__WHAT TO PRODUCE__:
Repeat the listing below exactly as given.

..............................

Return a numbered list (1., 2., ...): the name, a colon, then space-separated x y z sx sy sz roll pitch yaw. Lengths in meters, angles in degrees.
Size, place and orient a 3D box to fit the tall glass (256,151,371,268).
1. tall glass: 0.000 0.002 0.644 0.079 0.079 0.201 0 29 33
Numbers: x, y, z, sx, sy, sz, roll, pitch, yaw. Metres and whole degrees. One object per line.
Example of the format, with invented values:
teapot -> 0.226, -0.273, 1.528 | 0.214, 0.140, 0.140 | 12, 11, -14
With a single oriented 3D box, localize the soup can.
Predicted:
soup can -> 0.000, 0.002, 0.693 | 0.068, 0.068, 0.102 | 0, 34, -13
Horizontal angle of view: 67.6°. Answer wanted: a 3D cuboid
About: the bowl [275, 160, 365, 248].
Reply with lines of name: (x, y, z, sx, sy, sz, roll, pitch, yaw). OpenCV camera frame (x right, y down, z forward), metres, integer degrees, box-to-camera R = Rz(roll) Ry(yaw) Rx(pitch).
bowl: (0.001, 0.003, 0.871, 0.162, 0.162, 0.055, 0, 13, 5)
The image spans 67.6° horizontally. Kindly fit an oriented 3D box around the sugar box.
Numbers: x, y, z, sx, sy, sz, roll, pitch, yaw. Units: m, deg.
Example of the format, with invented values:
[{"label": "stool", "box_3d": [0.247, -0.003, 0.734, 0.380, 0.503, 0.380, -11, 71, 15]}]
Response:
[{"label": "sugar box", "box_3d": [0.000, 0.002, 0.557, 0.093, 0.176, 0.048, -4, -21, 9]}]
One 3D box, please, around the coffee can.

..............................

__ANSWER SPACE__:
Return a numbered list (1., 2., ...): the name, a colon, then space-separated x y z sx sy sz roll pitch yaw. Lengths in meters, angles in degrees.
Size, place and orient a 3D box to fit the tall glass (256,151,371,268).
1. tall glass: 0.000 0.002 0.644 0.079 0.079 0.201 0 29 33
Numbers: x, y, z, sx, sy, sz, roll, pitch, yaw. Metres and whole degrees. One object per line.
Example of the format, with invented values:
teapot -> 0.226, -0.273, 1.528 | 0.214, 0.140, 0.140 | 12, 11, -14
With a single oriented 3D box, localize the soup can.
Predicted:
soup can -> 0.000, 0.002, 0.693 | 0.068, 0.068, 0.102 | 0, 34, -13
Horizontal angle of view: 67.6°. Answer wanted: a 3D cuboid
About: the bowl [275, 160, 365, 248].
Reply with lines of name: (x, y, z, sx, sy, sz, roll, pitch, yaw). OpenCV camera frame (x right, y down, z forward), metres, integer degrees, box-to-camera R = Rz(roll) Ry(yaw) Rx(pitch).
bowl: (0.001, 0.003, 0.871, 0.162, 0.162, 0.055, 0, 13, 5)
The image spans 67.6° horizontally. Kindly fit an oriented 3D box around the sugar box.
Numbers: x, y, z, sx, sy, sz, roll, pitch, yaw. Units: m, deg.
Example of the format, with invented values:
[{"label": "stool", "box_3d": [0.247, -0.003, 0.734, 0.380, 0.503, 0.380, -11, 71, 15]}]
Response:
[{"label": "sugar box", "box_3d": [0.000, 0.002, 0.557, 0.093, 0.176, 0.048, -4, -21, 9]}]
One 3D box, please, around the coffee can.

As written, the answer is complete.